To start off, they both have pretty ample reason to be off kilter and high on emotion. Maki was picked up out of a pool of her own blood a couple days ago. Out of all of them, it was only her and Yuuta that Geto was actually going to kill. Geto himself said that Gojo knew he wouldn't have killed Inumaki and Panda, and that Gojo sent them to set off Yuuta. But maki was the monkey. She was wounded the worst. And she was the only one who fought Geto alone. She's still shaken and doesn't want to admit it.
Tsumiki, meanwhile, has been on the brink for days. The last time she saw her family, she was being told by gojo that a genocial maniac that wants her specific demographic dead had just declared war. Then, her fourteen year old brother disappeared. She then immediately lost contact with every single person in her life and social network.
Is Megumi dead? Did he do exactly what she thought he was going to do and camp outside her school to watch for genocidal cultists? Did he get himself killed because she wouldn't skip school? What about everyone else? Are they okay? Why has she lost contact with her entire family?
She didn't have any working phone numbers. She didn't have any way of finding them. It's directly stated in canon that Tengen's barriers are directed to deterring and concealing it from non-sorcerers, so she's not even sure if she'll be able to get into the school without Megumi or Gojo. And then all of her worst fears were confirmed, and Megumi was actively bleeding out and visibly terrified when she finally got him back. He just died in front of her. She had to personally pump his heart to try and get him back.

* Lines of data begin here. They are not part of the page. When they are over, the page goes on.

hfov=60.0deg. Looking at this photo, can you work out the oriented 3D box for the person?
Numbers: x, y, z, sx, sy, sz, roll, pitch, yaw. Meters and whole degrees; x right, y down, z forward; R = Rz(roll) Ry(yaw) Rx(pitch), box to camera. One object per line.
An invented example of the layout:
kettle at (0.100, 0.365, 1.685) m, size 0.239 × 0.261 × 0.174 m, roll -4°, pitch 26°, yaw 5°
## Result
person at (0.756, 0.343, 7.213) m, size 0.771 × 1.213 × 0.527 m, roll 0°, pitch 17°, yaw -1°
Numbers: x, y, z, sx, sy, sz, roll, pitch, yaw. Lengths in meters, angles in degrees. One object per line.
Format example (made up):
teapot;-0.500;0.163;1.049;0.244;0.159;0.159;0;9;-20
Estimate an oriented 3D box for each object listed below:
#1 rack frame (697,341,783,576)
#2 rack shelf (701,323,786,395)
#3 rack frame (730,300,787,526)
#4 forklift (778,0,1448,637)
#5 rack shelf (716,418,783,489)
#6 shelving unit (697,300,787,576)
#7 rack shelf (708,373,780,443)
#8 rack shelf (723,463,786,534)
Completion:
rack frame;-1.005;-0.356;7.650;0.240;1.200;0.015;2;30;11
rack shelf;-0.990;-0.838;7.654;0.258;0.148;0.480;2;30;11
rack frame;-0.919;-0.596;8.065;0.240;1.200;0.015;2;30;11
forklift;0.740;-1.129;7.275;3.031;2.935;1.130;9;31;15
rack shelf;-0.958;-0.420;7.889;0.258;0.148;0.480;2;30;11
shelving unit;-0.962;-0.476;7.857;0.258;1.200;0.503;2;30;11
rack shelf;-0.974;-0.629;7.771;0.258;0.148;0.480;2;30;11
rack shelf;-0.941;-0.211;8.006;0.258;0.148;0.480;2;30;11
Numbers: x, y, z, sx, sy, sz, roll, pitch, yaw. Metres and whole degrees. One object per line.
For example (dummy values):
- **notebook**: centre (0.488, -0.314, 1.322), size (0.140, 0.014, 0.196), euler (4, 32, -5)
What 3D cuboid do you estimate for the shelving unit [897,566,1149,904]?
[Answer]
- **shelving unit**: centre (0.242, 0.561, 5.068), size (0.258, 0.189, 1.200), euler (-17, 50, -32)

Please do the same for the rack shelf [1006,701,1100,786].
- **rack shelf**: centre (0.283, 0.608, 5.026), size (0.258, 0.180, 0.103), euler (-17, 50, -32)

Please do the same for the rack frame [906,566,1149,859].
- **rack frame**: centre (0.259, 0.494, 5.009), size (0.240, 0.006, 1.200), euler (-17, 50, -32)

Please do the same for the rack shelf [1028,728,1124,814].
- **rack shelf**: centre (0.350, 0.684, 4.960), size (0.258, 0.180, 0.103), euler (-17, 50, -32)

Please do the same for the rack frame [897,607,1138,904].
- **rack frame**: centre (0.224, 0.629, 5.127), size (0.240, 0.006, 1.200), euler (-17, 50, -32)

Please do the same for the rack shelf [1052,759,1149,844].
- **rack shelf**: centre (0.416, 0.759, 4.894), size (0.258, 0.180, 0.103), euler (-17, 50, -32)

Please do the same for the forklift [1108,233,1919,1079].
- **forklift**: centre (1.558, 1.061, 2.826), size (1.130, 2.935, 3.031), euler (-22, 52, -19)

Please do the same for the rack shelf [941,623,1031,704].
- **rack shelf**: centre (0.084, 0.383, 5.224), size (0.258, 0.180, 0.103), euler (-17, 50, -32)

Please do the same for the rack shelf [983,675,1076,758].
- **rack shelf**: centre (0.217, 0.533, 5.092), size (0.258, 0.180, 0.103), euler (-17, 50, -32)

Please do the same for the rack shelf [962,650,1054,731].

As a result, they've both got a shorter fuse and are a little bit more reactive than they'd normally be going into the conversation.
So of course the absolute first thing they do is ram straight into sensitive points.
Maki is the first one to do it. She calls Megumi the "Ten Shadows" instead of his name. And that sets off Tsumiki, who is willing to rip out throats over this at the best of times, and who is sitting there with her brother's blood still on her.
The thing is, Maki genuinely meant no wrong by it. It's just what they always call him in the clan. She didn't know he hated it. She barely remembered him, and the clan leadership wasn't exactly advertising how much megumi hated everything they did. And it had never had a negative connotation for her growing up--fuck, it was the biggest term of respect you could get from her shithole family.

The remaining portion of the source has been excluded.